Lumières
Les Lumières ou Siècle des Lumières[1], ou encore âge de la Raison[2], coïncident plus ou moins avec le XIXe siècle en France[3]. Mouvement culturel, philosophique, littéraire et intellectuel, elles succèdent à l’ère classique et se termine avec la période où se développent la Révolution (Révolution américaine de 1776 et la Révolution française de 1789), le Romantisme, et la Restauration[4], et pour certains, avec la publication de la Critique de la raison pure de Kant en 1781.
Suite à la Réforme, l’unité intellectuelle européenne en matière de moralité et de religion a est morcelée[5], exigeant conséquemment un nouveau standard pour réunir la connaissance religieuse et les croyances. John Locke, à l’instar de René Descartes, est un précurseur de cette époque. Il tente de répondre au défi apologétique par un appel à la raison comme guide. Cette proclamation est sans équivoque : la raison autonome, avec sa pensée critique, devient reine. Selon Ramm, l’intelligentsia européenne « répudie l’autorité du passé ou de la tradition et affirme la capacité de l’homme moderne de trouver la vérité par lui-même[6] » entraînant le rejet de l’autorité et de la tradition, séparant foi et raison par le rejet de la possibilité du miraculeux et redéfinissant l’anthropologie chrétienne.

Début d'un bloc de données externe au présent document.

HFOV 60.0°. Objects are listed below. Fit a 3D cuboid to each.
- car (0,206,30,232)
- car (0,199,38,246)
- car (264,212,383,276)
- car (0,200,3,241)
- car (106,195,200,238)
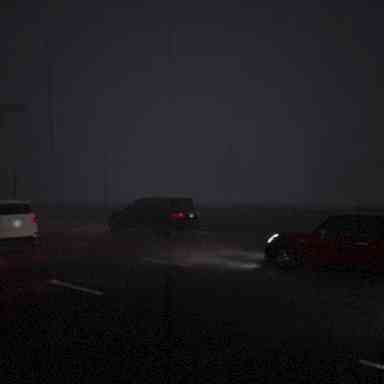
[{"bbox_3d":[-13.128,1.715,21.948,5.357,1.411,2.033,0,0,35],"label":"car"},{"bbox_3d":[-9.138,1.337,14.807,5.566,2.045,2.150,0,0,35],"label":"car"},{"bbox_3d":[4.387,1.365,9.461,4.553,1.767,2.097,-1,0,35],"label":"car"},{"bbox_3d":[-8.094,1.310,9.763,5.566,2.045,2.150,0,0,35],"label":"car"},{"bbox_3d":[-2.202,1.312,18.458,5.566,2.045,2.150,0,0,35],"label":"car"}]

L’autorité de la Révélation est détrônée, car aucune autorité n’est acceptée si elle n’est justifiée par la Raison. Neil B. MacDonald exprime que, pour la théologie chrétienne, un changement de paradigme survient[7]: on passe d’une « foi à la recherche de compréhension » à une « foi qui requiert une justification ». Ainsi, celui qui déclare ses convictions religieuses doit en expliquer le fondement rationnel ou les abandonner. Pour certains, l’autorité biblique demeure, mais toujours sous la domination de la Raison, car « nous pouvons compter sur les vérités divines révélées seulement si nous avons été persuadés par d’autres moyens qu’elles ont été révélées[8] ». Nul ne doute que la remise en question de la doctrine de la Révélation s’applique mutadis mutandis à l’ensemble des doctrines se tenant sur ce fondement.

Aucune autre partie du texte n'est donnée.